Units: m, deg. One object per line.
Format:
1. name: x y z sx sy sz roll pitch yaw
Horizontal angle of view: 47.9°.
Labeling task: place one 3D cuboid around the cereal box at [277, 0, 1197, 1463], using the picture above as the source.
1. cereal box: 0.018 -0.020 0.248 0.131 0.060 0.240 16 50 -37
········
### Work instructions:
Please retype every entry above exactly as it stands.

### Response:
Units: m, deg. One object per line.
Format:
1. name: x y z sx sy sz roll pitch yaw
Horizontal angle of view: 47.9°.
Labeling task: place one 3D cuboid around the cereal box at [277, 0, 1197, 1463], using the picture above as the source.
1. cereal box: 0.018 -0.020 0.248 0.131 0.060 0.240 16 50 -37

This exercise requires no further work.